In this study, we investigated the temperature interference effects of the latest FBG pressure sensor, version 7 (ps1000-v7, CMIWS Co., Ltd.). The performance of version 7 was evaluated through calibration and towing tank tests by comparing the test results with those of the conventional FBG pressure sensor, version 6 (ps1000-v6, CMIWS Co., Ltd.), and a strain-type pressure sensor (SHVR-50k for 50kPa, NTL). In these tests, two ship models, the RCS-U (Research Initiative of Oceangoing Ships, container ship made of rigid polyurethane foam) and the RBC-U (RIOS bulk carrier made of rigid polyurethane foam) were used. In addition, the effects of the ship model materials on temperature interference on the FBG pressure sensor were investigated through comparisons of the pressure behaviors obtained for RBC-U and RBC-CW (RIOS bulk carrier made of chemical wood). Finally, to identify which of the three improvements implemented in version 7 contributed to the reduction of temperature interference, a comparison was made between version 7 and the sensors, E01, E02, and E03, each with one of the three improvements. The conclusions obtained from these studies are summarized as follows:

  1. (1)

    It was confirmed by all the tests using RCS-U, RBC-U, and RBC-CW that the version 7 FBG pressure sensor was significantly improved in respect to temperature interference effects compared with the version 6 sensor. When using version 6, the pressure measurement must be done under the condition that the temperature difference between water and air, \(\varDelta T\), is \(|\varDelta T|\le 1.0\) \(^\circ\)C. However, using version 7, it is possible to measure pressure under the condition of \(|\varDelta T|\le 5.0\) \(^\circ\)C. As a result, it is expected that efficiency in the pressure measurement can be improved hereafter. Under this condition, the unsteady pressure can be measured with almost the same accuracy as that with a strain-type pressure sensor.

  2. (2)

    Even with the FBG pressure sensor version 7, the measurement accuracy of steady pressures is not as good as that of the strain-type pressure sensor.
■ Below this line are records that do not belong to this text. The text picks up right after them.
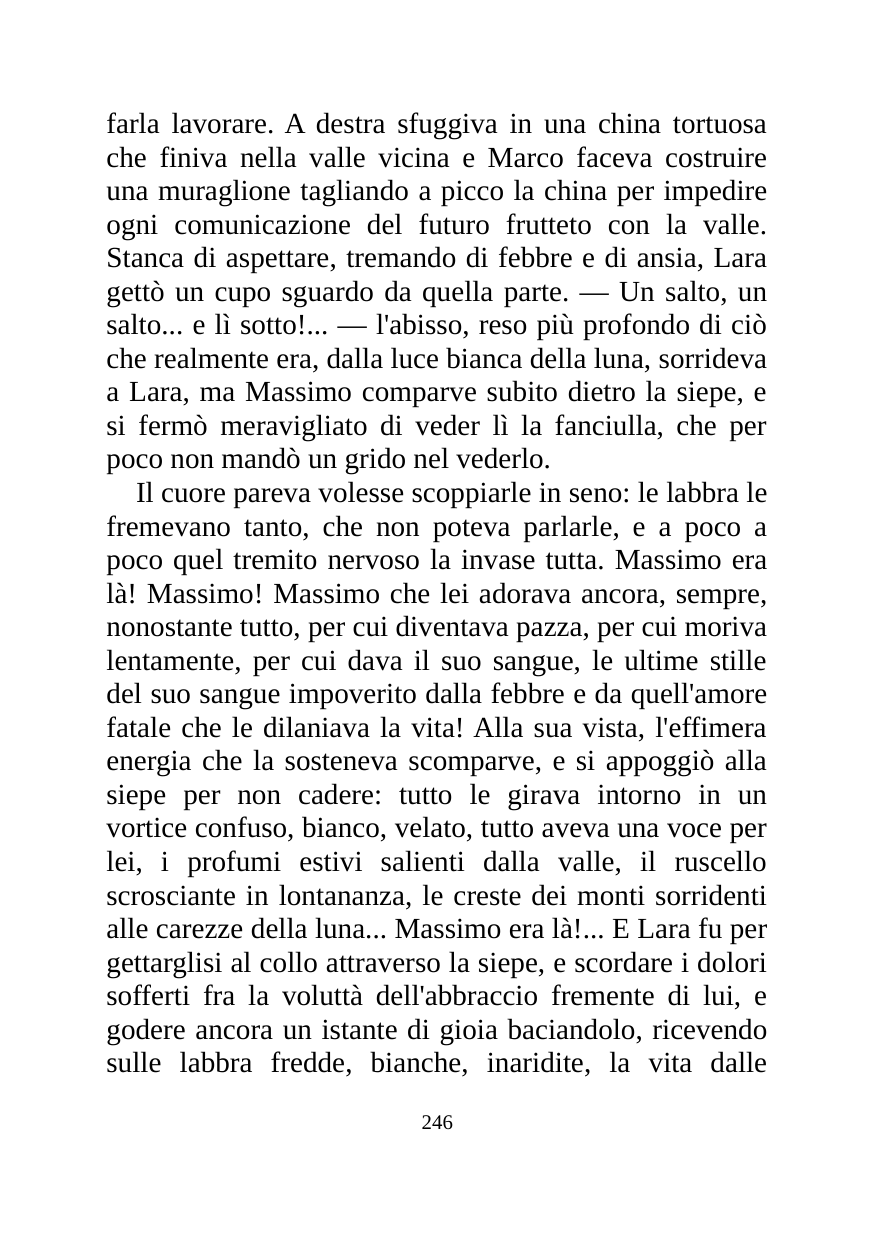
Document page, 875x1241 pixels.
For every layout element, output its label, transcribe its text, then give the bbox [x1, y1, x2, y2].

text Il cuore pareva volesse scoppiarle in seno: le labbra le fremevano tanto, che non poteva parlarle, e a poco a poco quel tremito nervoso la invase tutta. Massimo era là! Massimo! Massimo che lei adorava ancora, sempre, nonostante tutto, per cui diventava pazza, per cui moriva lentamente, per cui dava il suo sangue, le ultime stille del suo sangue impoverito dalla febbre e da quell'amore fatale che le dilaniava la vita! Alla sua vista, l'effimera energia che la sosteneva scomparve, e si appoggiò alla siepe per non cadere: tutto le girava intorno in un vortice confuso, bianco, velato, tutto aveva una voce per lei, i profumi estivi salienti dalla valle, il ruscello scrosciante in lontananza, le creste dei monti sorridenti alle carezze della luna... Massimo era là!... E Lara fu per gettarglisi al collo attraverso la siepe, e scordare i dolori sofferti fra la voluttà dell'abbraccio fremente di lui, e godere ancora un istante di gioia baciandolo, ricevendo sulle labbra fredde, bianche, inaridite, la vita dalle [106, 475, 768, 1079]
text farla lavorare. A destra sfuggiva in una china tortuosa che finiva nella valle vicina e Marco faceva costruire una muraglione tagliando a picco la china per impedire ogni comunicazione del futuro frutteto con la valle. Stanca di aspettare, tremando di febbre e di ansia, Lara gettò un cupo sguardo da quella parte. — Un salto, un salto... e lì sotto!... — l'abisso, reso più profondo di ciò che realmente era, dalla luce bianca della luna, sorrideva a Lara, ma Massimo comparve subito dietro la siepe, e si fermò meravigliato di veder lì la fanciulla, che per poco non mandò un grido nel vederlo. [106, 106, 768, 475]
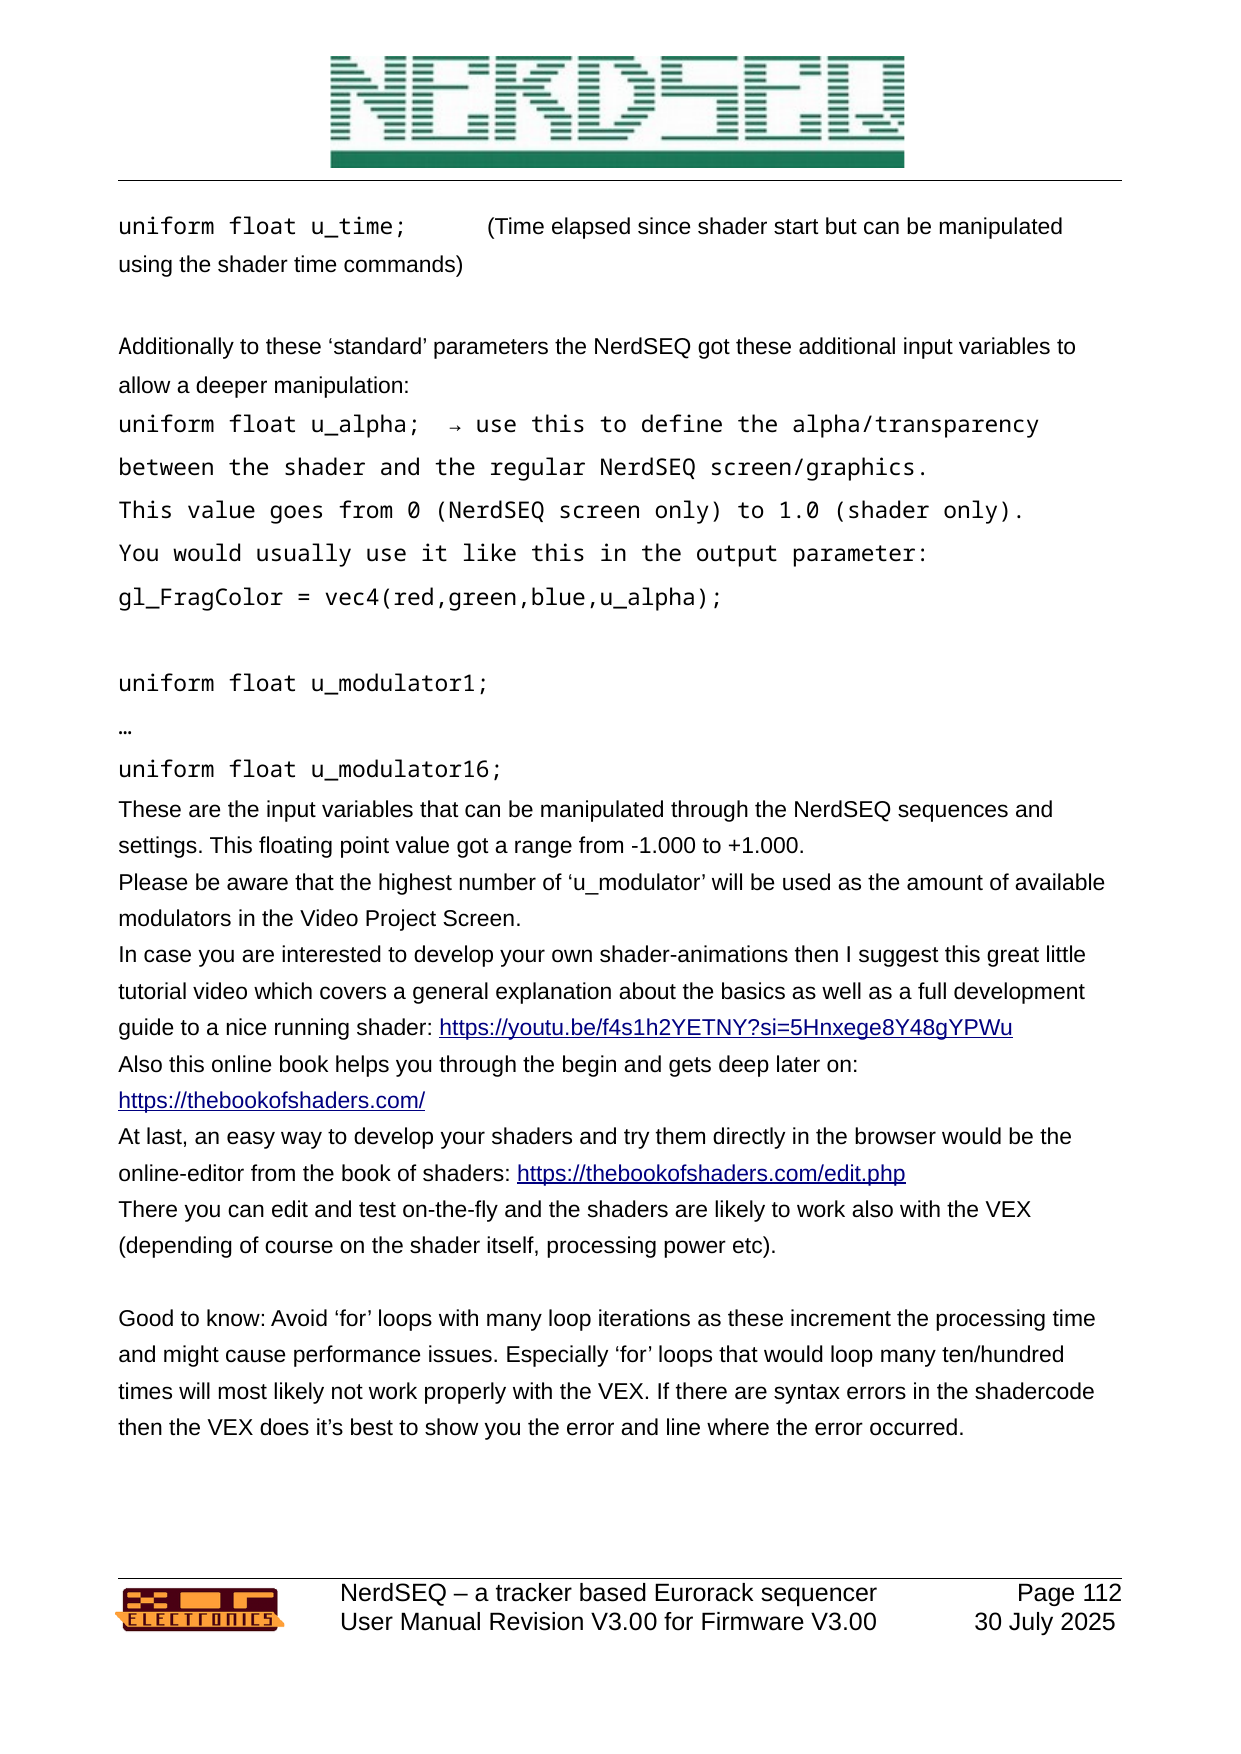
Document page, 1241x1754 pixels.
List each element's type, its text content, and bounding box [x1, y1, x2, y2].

text This value goes from 0 (NerdSEQ screen only) to 1.0 (shader only). [118, 494, 1122, 525]
picture [115, 1584, 285, 1634]
text uniform float u_alpha; → use this to define the alpha/transparency between the shader and the regular NerdSEQ screen/graphics. [118, 408, 1122, 482]
text uniform float u_time; (Time elapsed since shader start but can be manipulated using the shader time commands) [118, 209, 1122, 277]
picture [330, 56, 905, 168]
text … [118, 710, 1122, 741]
text In case you are interested to develop your own shader-animations then I suggest this great little tutorial video which covers a general explanation about the basics as well as a full development guide to a nice running shader: https://youtu.be/f4s1h2YETNY?si=5Hnxege8Y48gYPWu [118, 941, 1122, 1041]
text Additionally to these ‘standard’ parameters the NerdSEQ got these additional input variables to allow a deeper manipulation: [118, 330, 1122, 398]
text gl_FragColor = vec4(red,green,blue,u_alpha); [118, 580, 1122, 612]
text You would usually use it like this in the output parameter: [118, 537, 1122, 568]
text There you can edit and test on-the-fly and the shaders are likely to work also with the VEX (depending of course on the shader itself, processing power etc). [118, 1196, 1122, 1259]
text At last, an easy way to develop your shaders and try them directly in the browser would be the online-editor from the book of shaders: https://thebookofshaders.com/edit.php [118, 1123, 1122, 1186]
text uniform float u_modulator1; [118, 667, 1122, 698]
text uniform float u_modulator16; [118, 753, 1122, 784]
text Also this online book helps you through the begin and gets deep later on: https://thebookofshaders.com/ [118, 1051, 1122, 1113]
text These are the input variables that can be manipulated through the NerdSEQ sequences and settings. This floating point value got a range from -1.000 to +1.000. [118, 796, 1122, 859]
text Good to know: Avoid ‘for’ loops with many loop iterations as these increment the processing time and might cause performance issues. Especially ‘for’ loops that would loop many ten/hundred times will most likely not work properly with the VEX. If there are syntax errors in the shadercode then the VEX does it’s best to show you the error and line where the error occurred. [118, 1305, 1122, 1440]
text Please be aware that the highest number of ‘u_modulator’ will be used as the amount of available modulators in the Video Project Screen. [118, 869, 1122, 931]
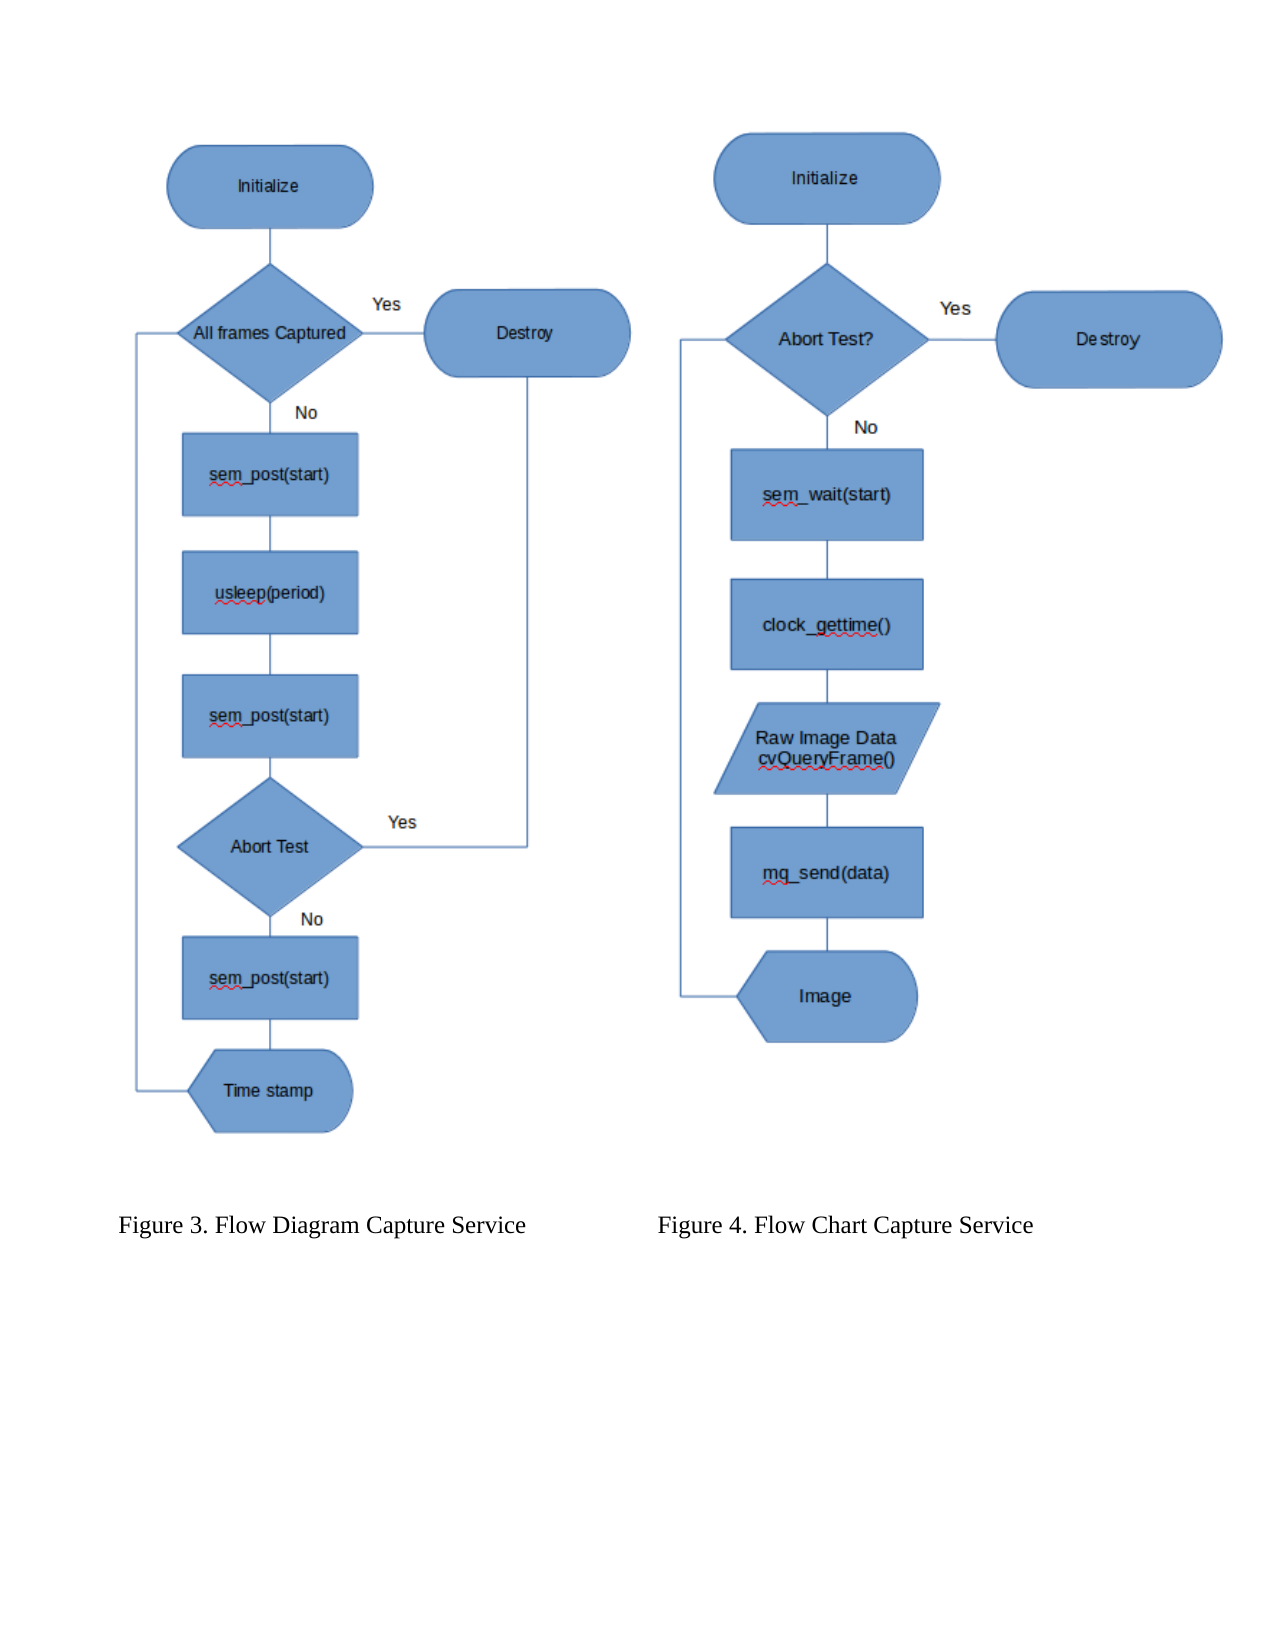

The main cause of this problem is the thickness of the sensor. It is necessary to use a ship model that is relatively large compared with the sensor dimensions.

  3. (3)

    The effects of temperature interference on the FBG pressure sensors depend on the material of the ship model. It is recommended that a material with low thermal conductivity is used to reduce the temperature interference effects because the performance of the FBG pressure sensors showed better results on RBC-U, which has a higher adiabaticity compared with RBC-CW.

  4. (4)

    The reduction of temperature interference confirmed for the FBG pressure sensor version 7 resulted from increasing the rigidity of the sensor ring frame and installing a stainless steel sheet to the sensor diaphragm. On the other hand, the adoption of glass soldering at the pressure-sensitive part did not significantly contribute to the improvement of temperature interference effects.